Bregenz Festival staged for the first time Giuseppe Verdi’s masterpiece Rigoletto – compelling, blood-curdling and beautiful. The stage and film director Philipp Stölzl (Medicus & Goethe), known for his successful productions in Salzburg as well as for his music videos for Madonna or for the German band Rammstein, created a spectacular setting on the world’s largest stage on a lake, praised by critics as a unique technological masterpiece. The staggering show has attracted not only 200,000 visitors to 20 sold out performances but also close to 2 million TV-viewers in Germany, Austria and Swiss alone. “This Rigoletto on Lake Constance becomes a Hollywood spectacle.” (Handelsblatt); “The performance of the three main characters has been outstanding.” (Der Standard)

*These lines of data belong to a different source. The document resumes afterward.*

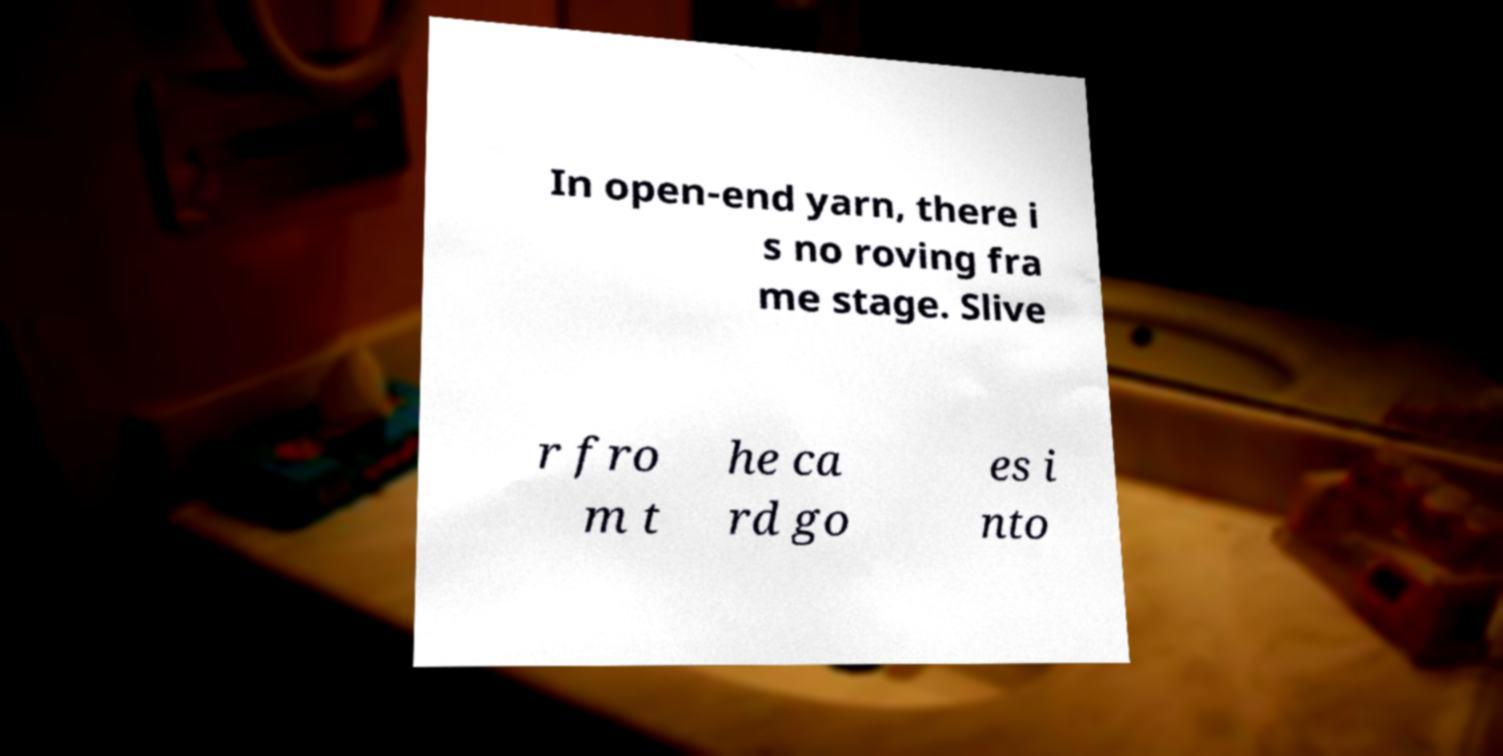Could you assist in decoding the text presented in this image and type it out clearly? In open-end yarn, there i s no roving fra me stage. Slive r fro m t he ca rd go es i nto 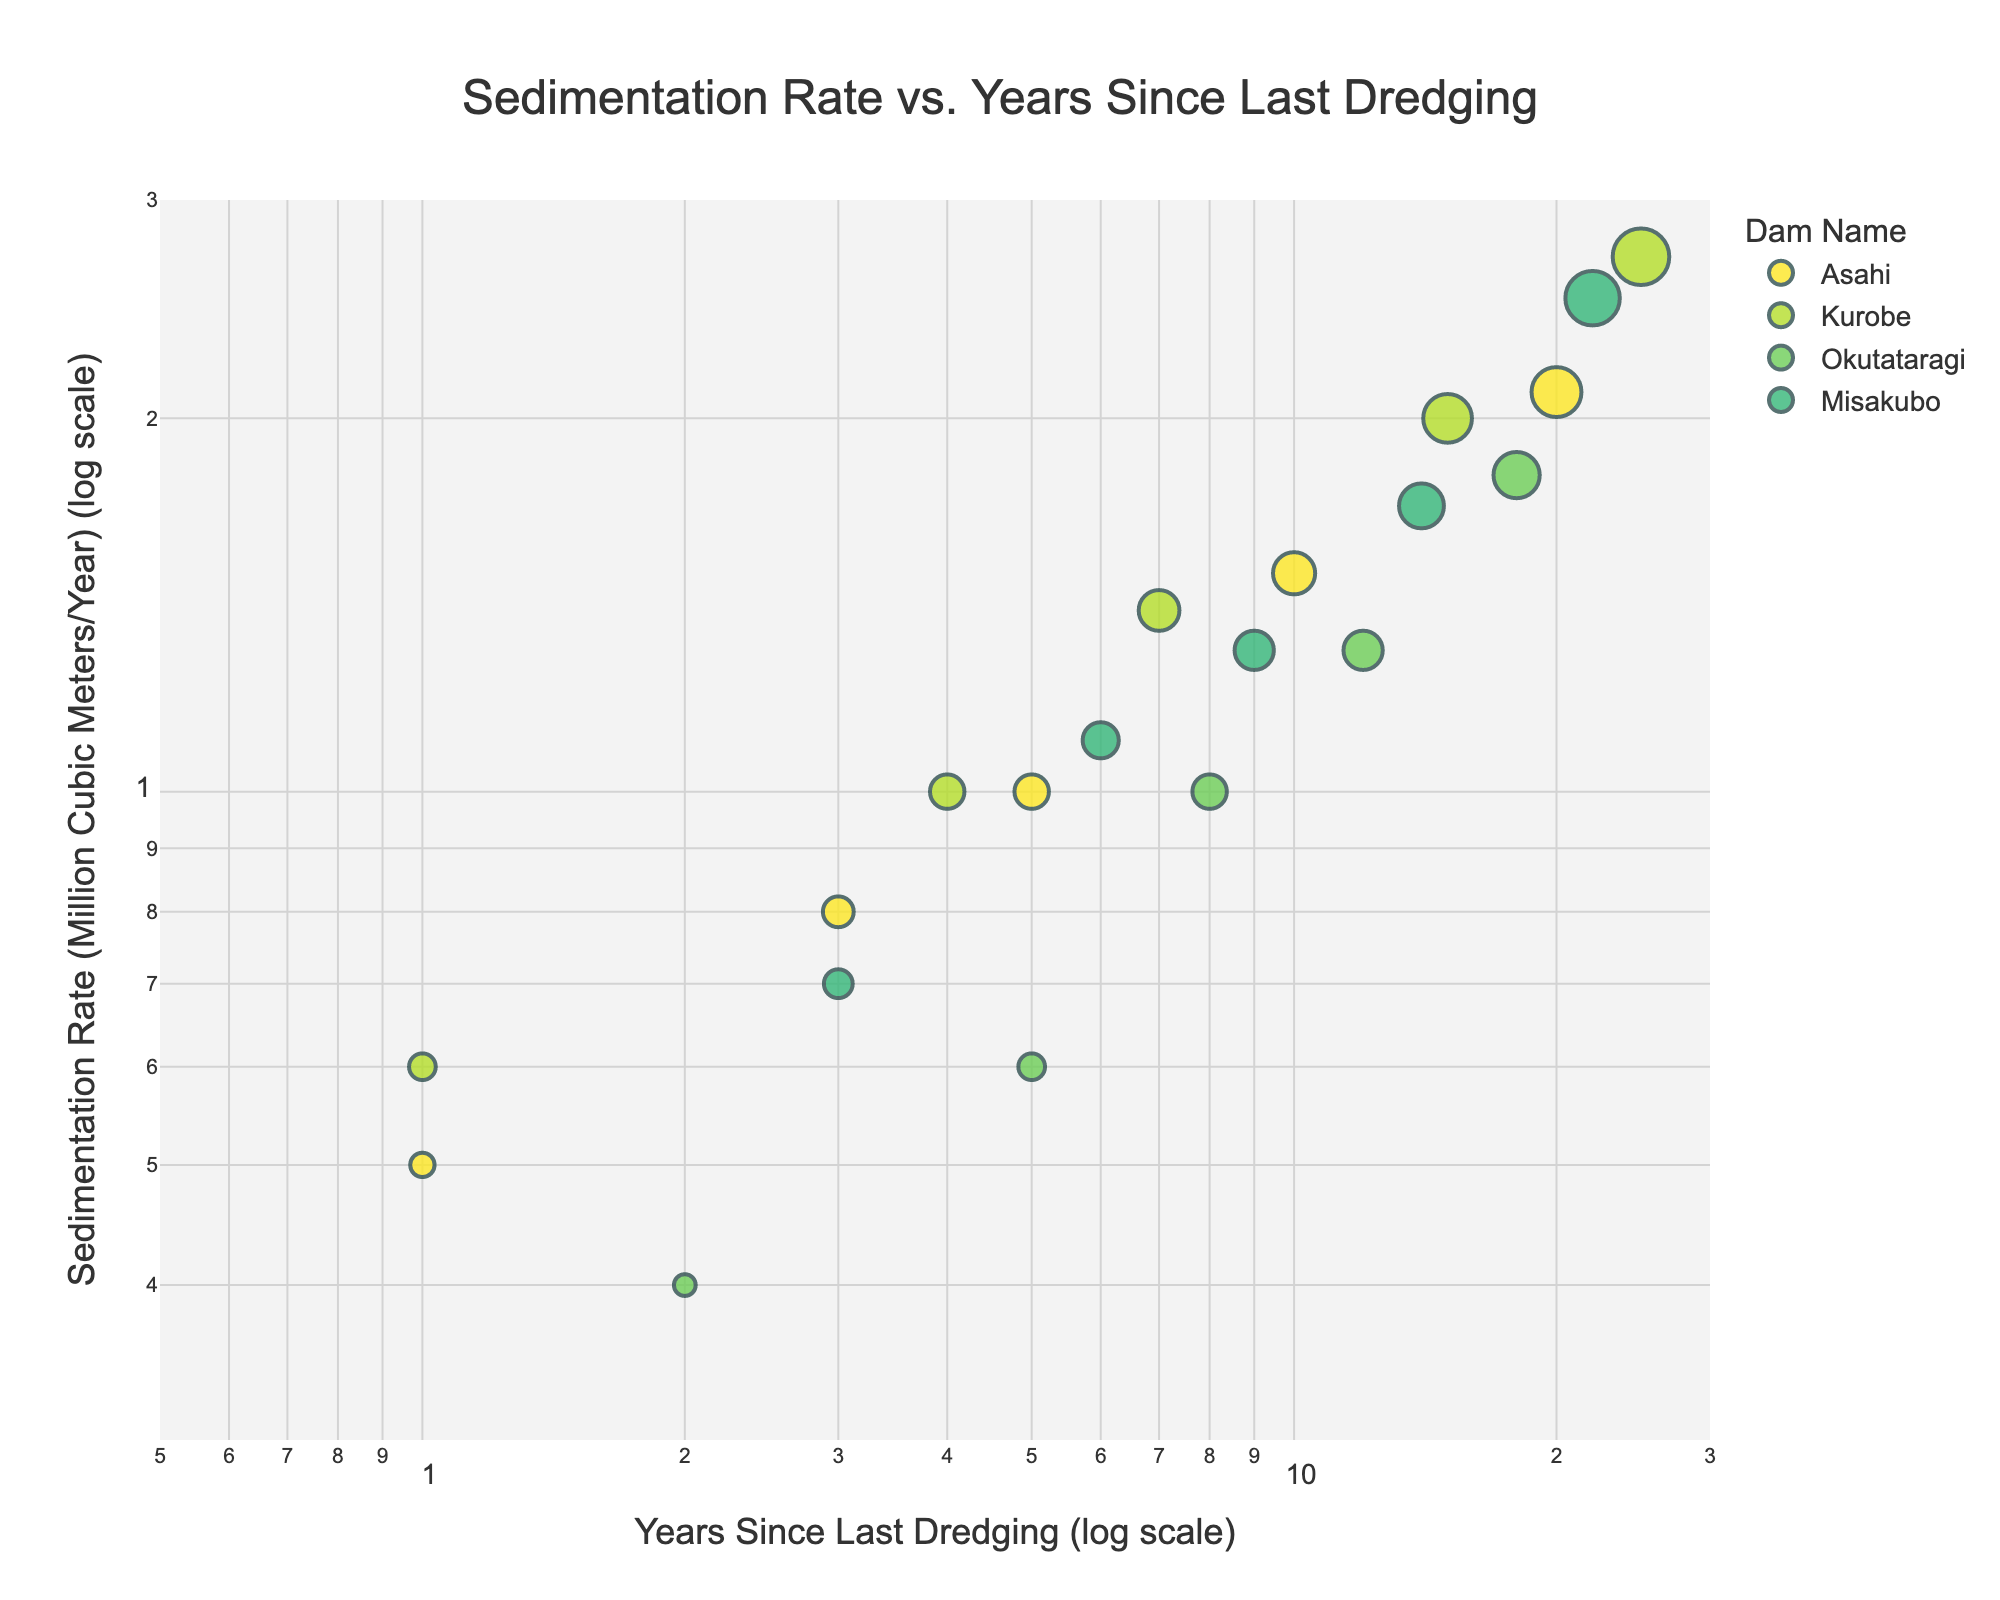What's the title of the figure? The title of the figure is written at the top center of the plot. It reads "Sedimentation Rate vs. Years Since Last Dredging."
Answer: Sedimentation Rate vs. Years Since Last Dredging What are the units of the Y-axis? The Y-axis label provides the units. It is labeled "Sedimentation Rate (Million Cubic Meters/Year) (log scale)."
Answer: Million Cubic Meters/Year How many data points represent the Asahi Dam? By checking the different colored markers corresponding to "Asahi" in the legend and counting them on the plot, we find there are five data points for Asahi Dam.
Answer: 5 For a "Years Since Last Dredging" value of 1, which dam has the highest sedimentation rate? Locate the data points where the x-axis value is 1. There are data points around this value for Asahi and Kurobe Dams. Comparing the y-axis values, the Kurobe Dam has the higher sedimentation rate of 0.6.
Answer: Kurobe What is the sedimentation rate for Kurobe Dam at 25 years since the last dredging? Find the data point for Kurobe Dam at 25 years on the x-axis. The y-axis value at this point is 2.7 million cubic meters per year.
Answer: 2.7 What is the average sedimentation rate for the Okutataragi Dam? The sedimentation rates for Okutataragi Dam are 0.4, 0.6, 1.0, 1.3, and 1.8. Summing them gives 5.1. Dividing by the number of points (5) results in an average of 1.02 million cubic meters per year.
Answer: 1.02 Which dam shows the steepest increase in sedimentation rate over time? Compare the trends of the data points for each dam. The Kurobe Dam shows the steepest increase, going from 0.6 to 2.7 million cubic meters per year over 25 years.
Answer: Kurobe Is the relationship between sedimentation rate and years since last dredging linear on a log-log scale? On a log-log scale, if the data form a straight line, the relationship is described by a power function, implying a potential non-linear relationship in linear space. Examining the data points, they roughly form a straight line for each dam, especially as time increases.
Answer: Yes What color represents the Misakubo Dam data points? The legend on the plot indicates the color used for each dam. The data points for Misakubo Dam are represented in a distinct color, which is one of the colors from the Viridis color scale.
Answer: (Color from the legend, e.g., "Yellow" depending on the color shown) Which dam has a sedimentation rate closest to 1.0 million cubic meters per year at any point? Reviewing the plot, Asahi Dam at 5 years, Kurobe Dam at 7 years, and Okutataragi Dam at 8 years show sedimentation rates close to 1.0 million cubic meters per year.
Answer: Multiple Dams (Asahi, Kurobe, Okutataragi) 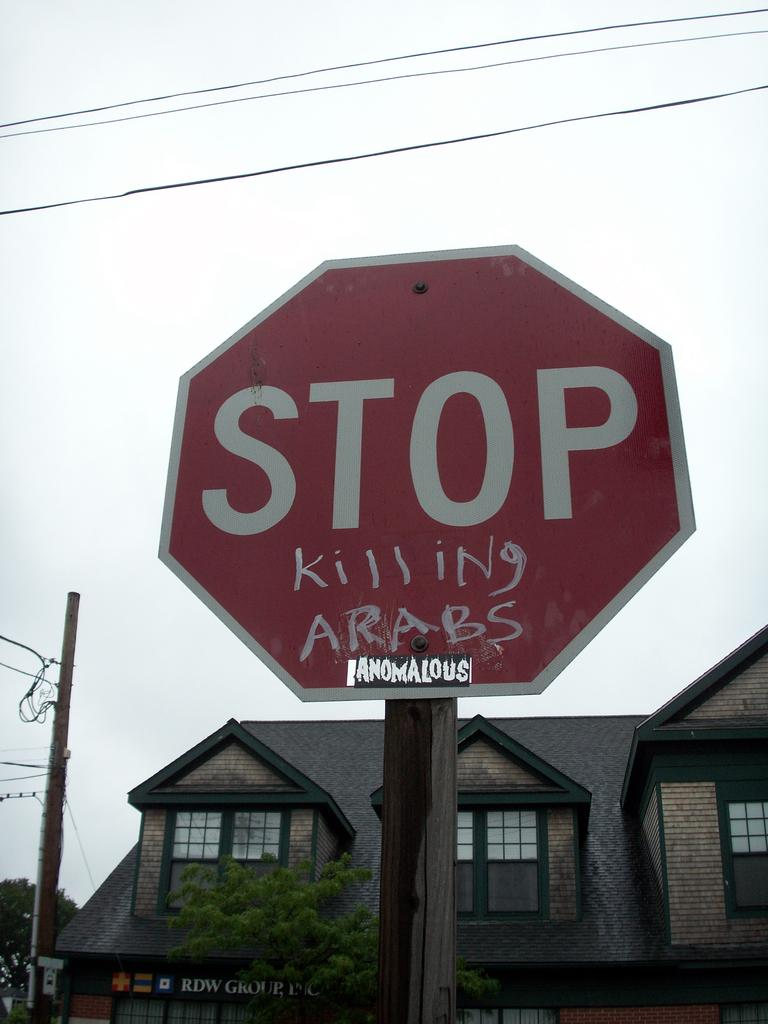<image>
Present a compact description of the photo's key features. The Stop signed had graffiti on it saying, "killing Arabs."

Bregenz Festival 2018: Beatrice Cenci

Church corruption, human violence & a daughter who plots revenge on her abusive father – Goldschmidt’s Beatrice Cenci has every ingredient for a gripping opera & the story of ist origins is equally fascinating albeit tragic: The Jewish composer, who fled Germany for London in 1935, was awarded a prize for his work, but the promised performance never took place. It was not until 1988 that it received ist premiere as a concert performance. At Bregenz, stage director Johannes Erath brought Beatrice Cenci on stage for the first time.